Reminder. The cosine rule states that a^{2} = b^{2} + c^{2} – 2bc Cos.(A)

**Suggested Solution:**

a^{2} = b^{2} + c^{2} – 2bc Cos.(A)

substituting the above values gives: a^{2} = 73 – 48 Cos.(32^{o})

= 32.3 cm

therefore, a = 5.68 cm

**Part 2. Applying the cosine rule in the solution of a spherical triangle.**

To revise spherical trigonometry click here.

As explained in the link above, we amend the cosine rule when we are working with spherical triangles. For example, to find side a in the spherical triangle shown in the diagram below we have: Cos(a) = [Cos(b) . Cos(c)] +[Sin(b) . Sin(c) .Cos(A)]

**Example**. Find side a given that b = 7.5m., c = 5.9m., A = 49^{o}

**Suggested Solution:**

Cos(a) = [Cos(b) . Cos(c)] +[Sin(b) . Sin(c) .Cos(A)]

Substituting the values given above, we have:

Cos(a) = [Cos(7.5).Cos(5.9)] + [Sin(7.5).

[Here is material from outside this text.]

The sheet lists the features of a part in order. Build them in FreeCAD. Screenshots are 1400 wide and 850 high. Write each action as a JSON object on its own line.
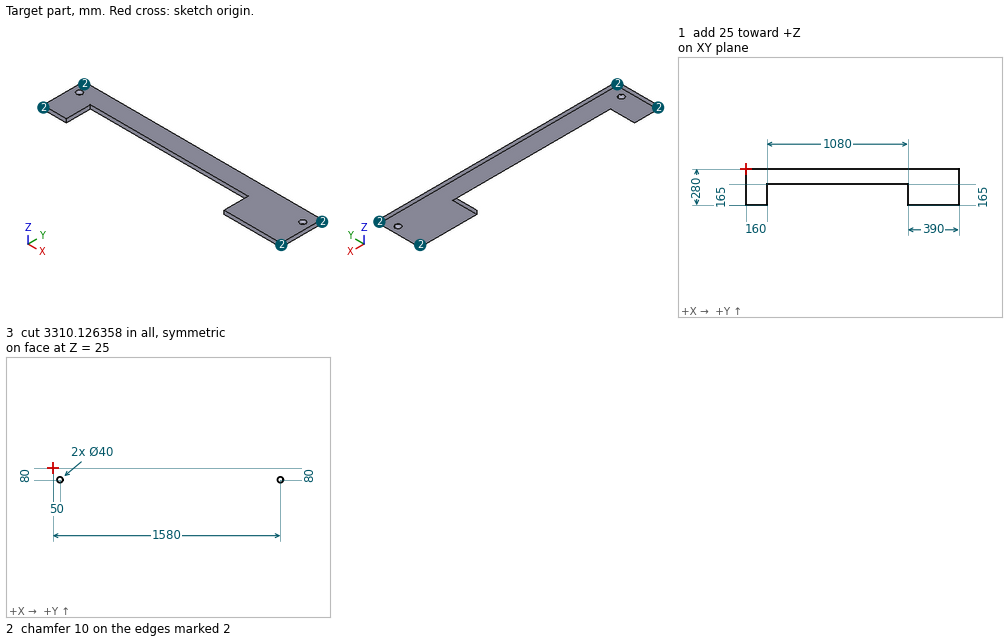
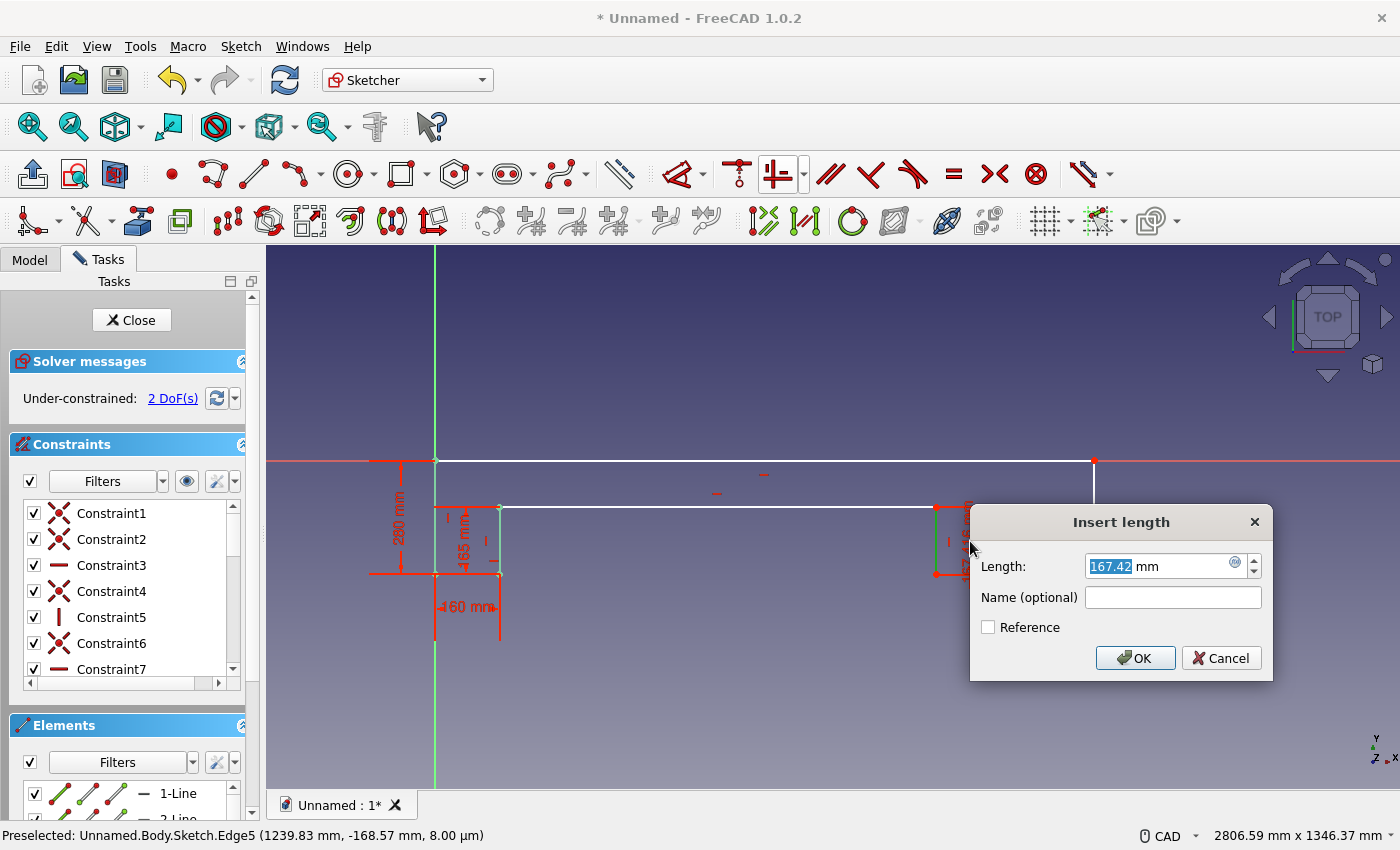
{"action": "type", "text": "165"}
{"action": "key", "text": "Return"}
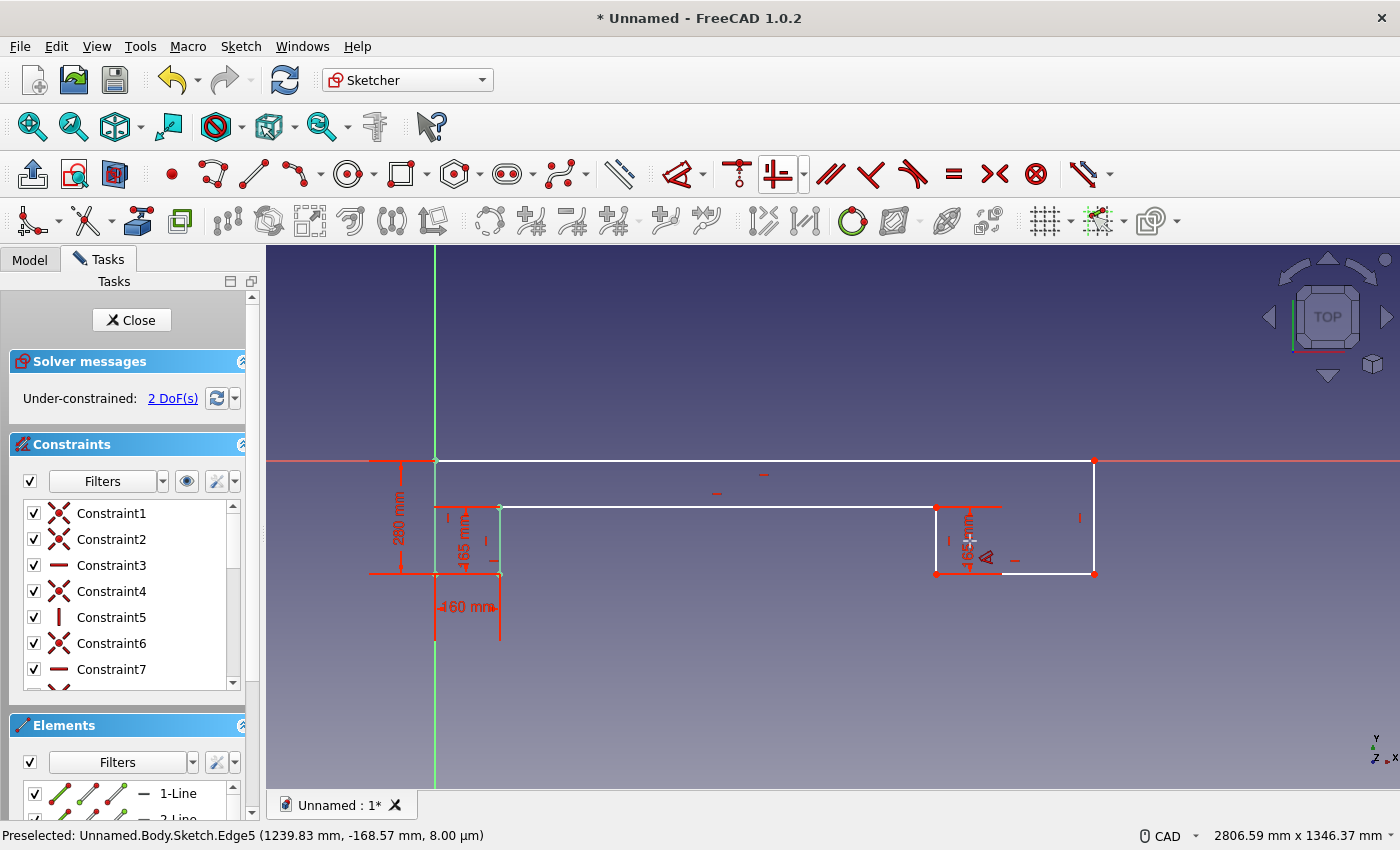
{"action": "left_click", "coordinate": [983, 574]}
{"action": "left_click", "coordinate": [1015, 608]}

Sin(5.9).Cos(49^{o})]

= [0.991 x 0.995] + [0.13 x 0.10 x 0.66]

= 0.986 + 0.009

= 0.995

therefore a = 5.73m.

**Part 3. **Applying spherical trigonometry in the solution of a navigational problem.

In the diagram above,

Angle ZPX represents the time-angle,

P represents the North Pole,

Z represents the position of an observer on the Earth’s surface,

X represents the geographical position of the Sun (GP),

XZ represents the angular distance of the observer from the GP of the Sun,

EX represents the declination of the Sun,

PX represents 90^{o} – the declination,

CZ represents the latitude of the observer,

PZ represents 90^{o} – latitude,

E represents a point on the Equator that lies on the same meridian of longitude as point X,

C represents a point on the Equator that lies on the same meridian of longitude as point Z.

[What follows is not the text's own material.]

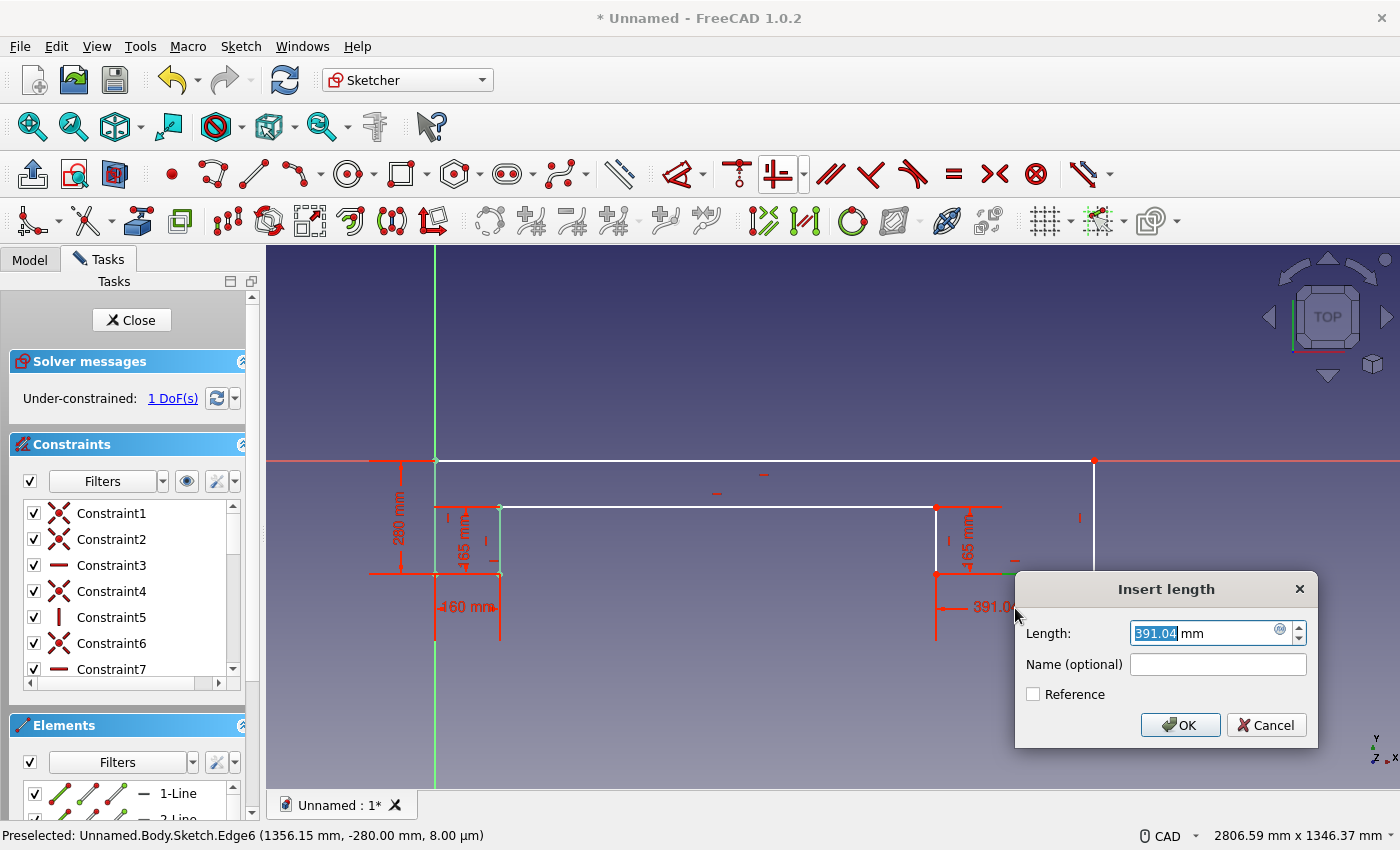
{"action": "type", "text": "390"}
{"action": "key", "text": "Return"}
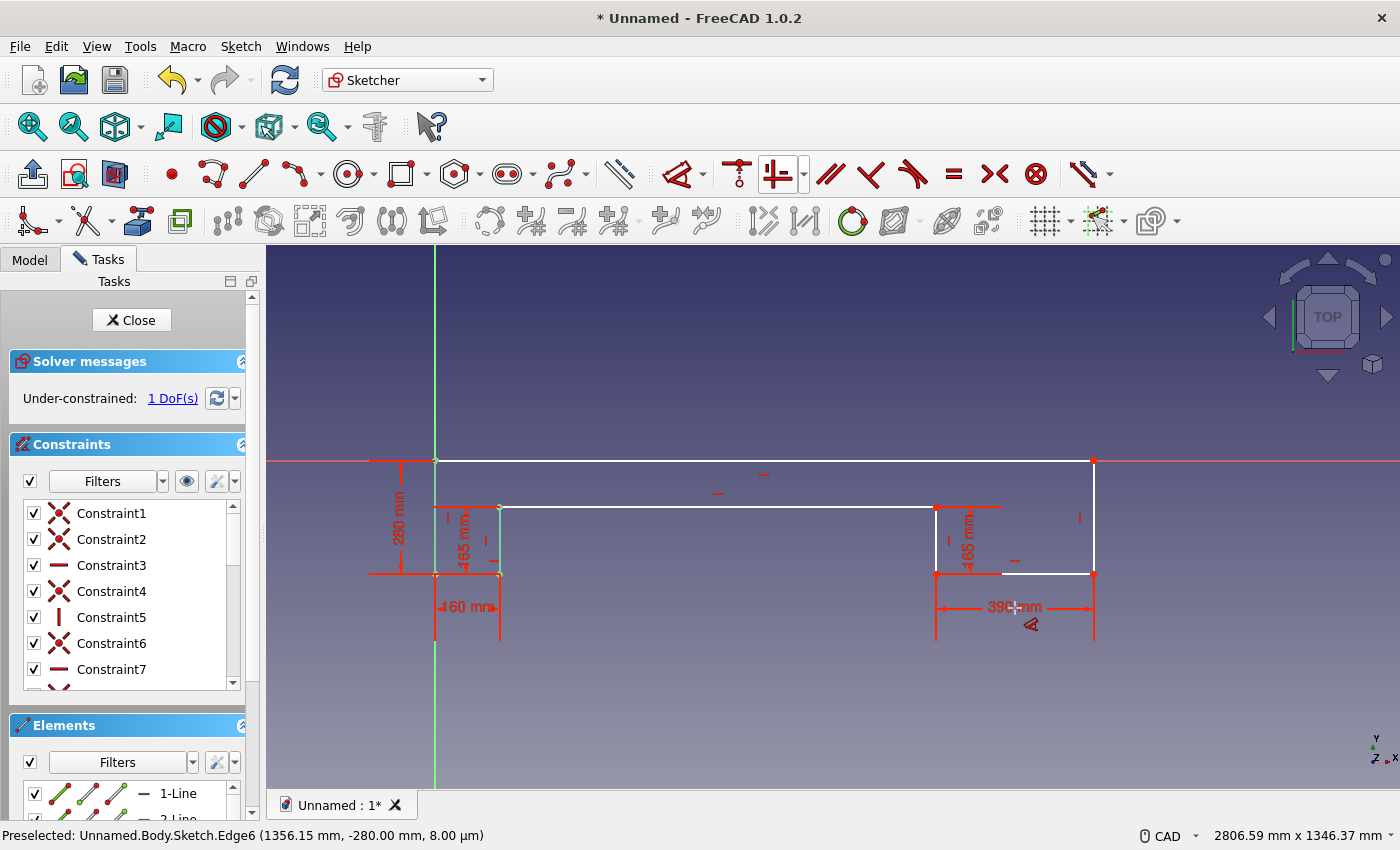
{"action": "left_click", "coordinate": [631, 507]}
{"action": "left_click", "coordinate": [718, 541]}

**Task:** Given the following: Lat. = 45^{o} North, Dec. = 18^{o} North, and Time = 3 hours after noon, find the distance of the observer from the Sun’s GP.

**Suggested Solution:**

EX = 18^{o }therefore PX = 90^{o} – 18^{o} = 72^{o}

CZ = 45^{o }therefore PZ = 90^{o} – 45^{o} = 45^{o}

Angle ZPX = 45^{o} (since 3 hours = a time angle of 3 x 15^{o}).

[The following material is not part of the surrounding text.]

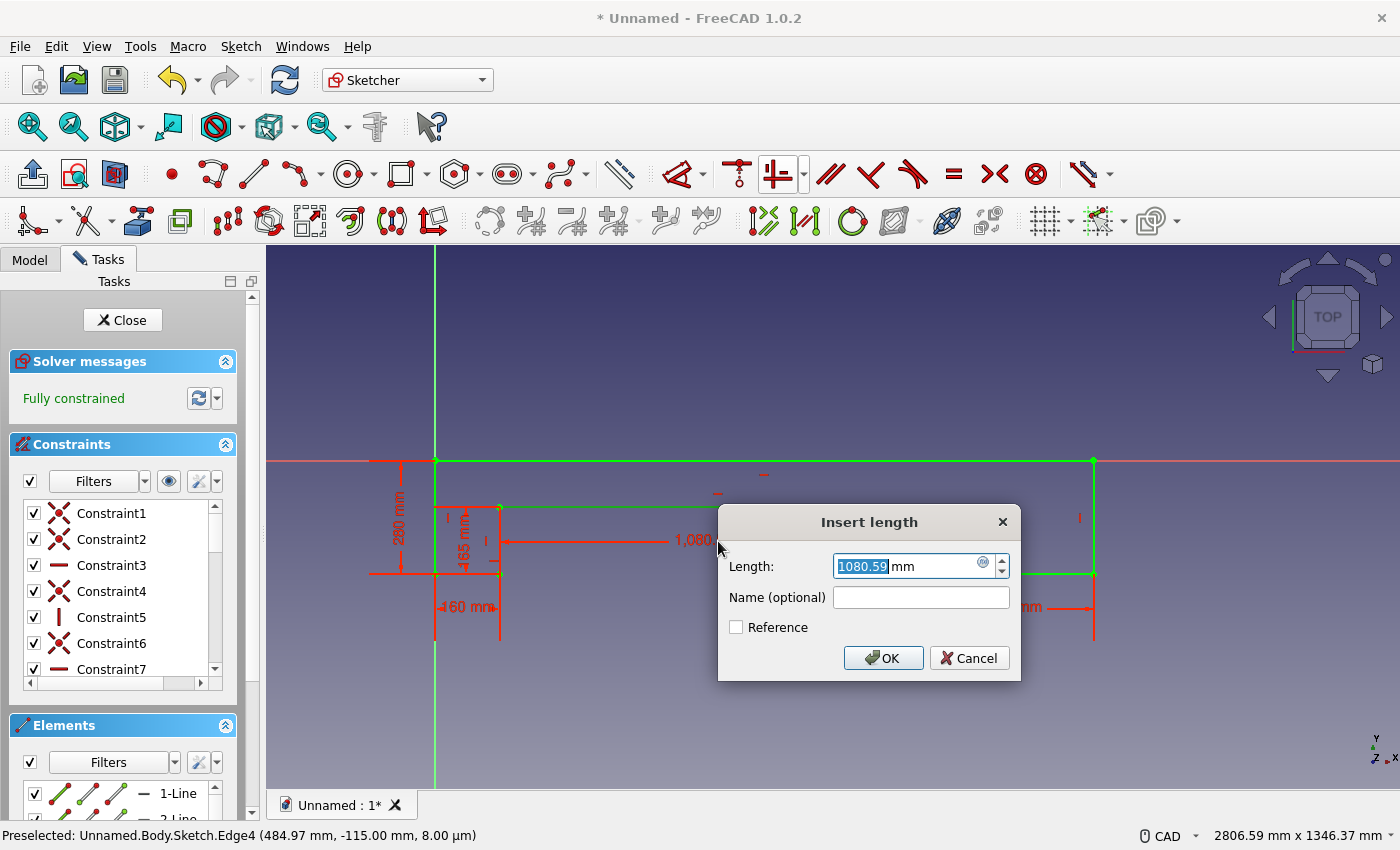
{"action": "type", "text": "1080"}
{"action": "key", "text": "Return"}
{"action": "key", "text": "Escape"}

Reminder. As stated above, the formula for finding the third side of a spherical triangle, when the other two sides and their included angle is known, is:

Cos.(a) = [Cos.(b) . Cos.(c)] + [Sin(b) . Sin(c) .Cos.(A)]

Applying this formula to the diagram above, we have:

Cos.(XZ) = [Cos.(PZ) x Cos.(PX)] + [Sin(PZ) x Sin(PX) x Cos.(ZPX)]

Substituting the values above gives:

Cos.(XZ) = [Cos.(45^{o}) x Cos.(72^{o})] + [Sin (45^{o}) x Sin(72^{o}) x Cos.(45^{o})]

Cos.(XZ) = [0.707 x 0.309] + [0.707 x 0.951 x 0.707]

Cos.(ZX) = 0.218 + 0.475 = 0.693

therefore ZX = 46.13 = 2767.8′

therefore distance of observer from GP = 2767.8 n.m. (since 1′ of arc on the earth’s surface = approx. 1 nautical mile).

A fuller explanation of the application of spherical trigonometry in astro navigation is given in the book ‘Astro Navigation Demystified’.

Return to the blog www.astronavigationdemystified.com

Part 2 example problem: Can you mix linear quantities (meters) and arc degrees at will? I’d think not. Am I missing something? Thanks.

Several people have had difficulty with this so I have explained it in my new post ‘The Relationship Between Altitude And Zenith Distance’

Hope this helps.

Thanks this really helps, more samples pls 🙂